To be able to use multiprocessing from a Python script node I need to create my own module and import that. And this process isn’t straight forward at all. For a direct import as shown in above thread, the module must be installed. An alternative is to edit path at runtime:

import sys
module_path = 'c:/xyz/my_module'

if module_path not in sys.path:
    sys.path.append(module_path)
from my_module import my_function

Still this requires for every function to be called in multiprocessing to be put into a file even if it’s just a one-off thing. It also makes the python script “opaque” as it’s less clear what actually happens and you simply can’t share it like put it in a component as now the external python file is missing.

Ideally KNIME would take care of this and create this module and import it auto-magically if it detects a function definition inside the script. Or find a different way than “exec” to run the script. But as-is multi-processing is barley useable inside Python Script nodes.

To distribute its task to the newly created processes, multiprocessing uses the pickle module from the Python standard library to serialize everything for transmission to processes created/managed through multiprocessing. This includes the data and the function you wish to call, “my_function” in your example. Unfortunately, the way pickle serializes functions is to specify the importable module where that function is defined.

>>> import pickle
>>> data = {'apple': 'red', 'banana': 'yellow'}
>>> pickle.dumps(data)  # Briefly investigate what a dict looks like when pickled.
b'\x80\x04\x95%\x00\x00\x00\x00\x00\x00\x00}\x94(\x8c\x05apple\x94\x8c\x03red\x94\x8c\x06banana\x94\x8c\x06yellow\x94u.'
>>> pickle.dumps(pickle.dumps)  # Pickling a function contains a reference to the module where it is defined ("pickle").
b'\x80\x04\x95\x15\x00\x00\x00\x00\x00\x00\x00\x8c\x07_pickle\x94\x8c\x05dumps\x94\x93\x94.'
>>> def say_hello():
...     print('Hola!')
...
>>> pickle.dumps(say_hello)  # This function was defined in the interactive shell, also known as "__main__".
b'\x80\x04\x95\x1a\x00\x00\x00\x00\x00\x00\x00\x8c\x08__main__\x94\x8c\tsay_hello\x94\x93\x94.'

Later, unpickling pickle.dumps will succeed because the pickle module is importable but unpickling the function I defined in the interactive shell refers to __main__ which is not importable. multiprocessing attempts to catch this problem with unpicklability (an impressive sounding word when said out loud) before it becomes a big problem.

I can suggest a couple of options for you to be able to define new functions whenever you want and successfully pickle and unpickle them in multiprocessing:

  1. As you already suggest, save your function definitions in a Python module (like “test3.py”).
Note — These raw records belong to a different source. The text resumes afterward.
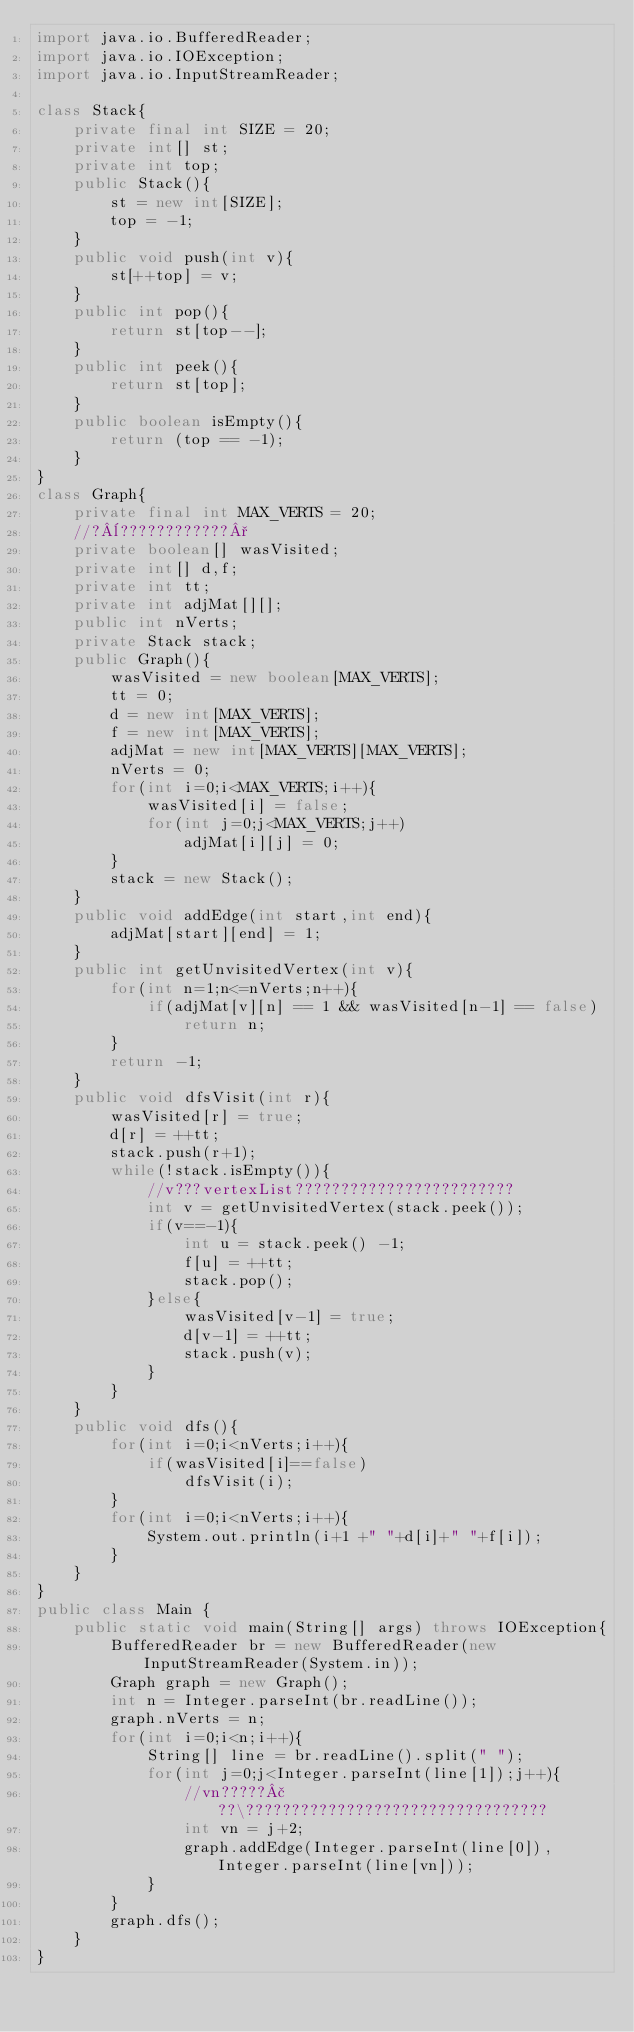Convert code to text. <code><loc_0><loc_0><loc_500><loc_500><_Java_>import java.io.BufferedReader;
import java.io.IOException;
import java.io.InputStreamReader;

class Stack{
	private final int SIZE = 20;
	private int[] st;
	private int top;
	public Stack(){
		st = new int[SIZE];
		top = -1;
	}
	public void push(int v){
		st[++top] = v;
	}
	public int pop(){
		return st[top--];
	}
	public int peek(){
		return st[top];
	}
	public boolean isEmpty(){
		return (top == -1);
	}
}
class Graph{
	private final int MAX_VERTS = 20;
	//?¨????????????°
	private boolean[] wasVisited;
	private int[] d,f;
	private int tt;
	private int adjMat[][];
	public int nVerts;
	private Stack stack;
	public Graph(){
		wasVisited = new boolean[MAX_VERTS];
		tt = 0;
		d = new int[MAX_VERTS];
		f = new int[MAX_VERTS];
		adjMat = new int[MAX_VERTS][MAX_VERTS];
		nVerts = 0;
		for(int i=0;i<MAX_VERTS;i++){
			wasVisited[i] = false;
			for(int j=0;j<MAX_VERTS;j++)
				adjMat[i][j] = 0;
		}
		stack = new Stack();
	}
	public void addEdge(int start,int end){
		adjMat[start][end] = 1;
	}
	public int getUnvisitedVertex(int v){
		for(int n=1;n<=nVerts;n++){
			if(adjMat[v][n] == 1 && wasVisited[n-1] == false)
				return n;
		}
		return -1;
	}
	public void dfsVisit(int r){
		wasVisited[r] = true;
		d[r] = ++tt;
		stack.push(r+1);
		while(!stack.isEmpty()){
			//v???vertexList????????????????????????
			int v = getUnvisitedVertex(stack.peek());
			if(v==-1){
				int u = stack.peek() -1;
				f[u] = ++tt;
				stack.pop();
			}else{
				wasVisited[v-1] = true;
				d[v-1] = ++tt;
				stack.push(v);
			}
		}
	}
	public void dfs(){
		for(int i=0;i<nVerts;i++){
			if(wasVisited[i]==false)
				dfsVisit(i);
		}
		for(int i=0;i<nVerts;i++){
			System.out.println(i+1 +" "+d[i]+" "+f[i]);
		}
	}
}
public class Main {
	public static void main(String[] args) throws IOException{
		BufferedReader br = new BufferedReader(new InputStreamReader(System.in));
		Graph graph = new Graph();
		int n = Integer.parseInt(br.readLine());
		graph.nVerts = n;
		for(int i=0;i<n;i++){
			String[] line = br.readLine().split(" ");
			for(int j=0;j<Integer.parseInt(line[1]);j++){
				//vn?????£??\?????????????????????????????????
				int vn = j+2;
				graph.addEdge(Integer.parseInt(line[0]), Integer.parseInt(line[vn]));
			}
		}
		graph.dfs();
	}
}</code>

To make it especially easy on yourself when using this with KNIME, place this importable Python module in the directory that contains your KNIME Workflow. In your Python node, “import test3” will find this module file in your Workflow’s directory and you should be able to successfully pickle/unpickle it, as required by multiprocessing.
  2. There are other serialization tools for Python that are not part of the Python standard library that can help, especially “cloudpickle” and “dill”. They will permit you to define functions on-the-fly in the Python interactive shell and serialize them in a way that does not require you to store their definition in an importable module.
  3. You might prefer to make use of my example workflow on the KNIME Hub which showcases how to define a function in one Python node without saving its definition in a module file, then serialize it and pass it to downstream Python nodes: Propagate Python Functions Downstream – KNIME Hub

Given that Python already provides these options (e.g. use a module file or use “cloudpickle”, etc.) we can quickly create new Python functions on the fly and use them with pickle and multiprocessing inside KNIME nodes without much effort.

Hope this helps,

Davin

5 Likes

Thanks for your extensive reply.

I did some more “research” and it seems joblib can deal just fine with functions defined inside the Python Script node. (as it uses loky as backend which I think but not entirely sure uses cloudpickle)

Therefore the solution for me is to simply use joblib. To be nitpicking, an example about this somewhere in a blog would be nice.

Basic example (generalized form here untested)

import knime_io as knio
from joblib import Parallel, delayed

def my_func(x):
    return x*x

df = knio.input_tables[0].to_pandas()
df['Square'] = Parallel(n_jobs=6)(delayed(my_func)(i) for i in range(len(df.index)))
knio.output_tables[0] = knio.write_table(df)

This topic was automatically closed 7 days after the last reply. New replies are no longer allowed.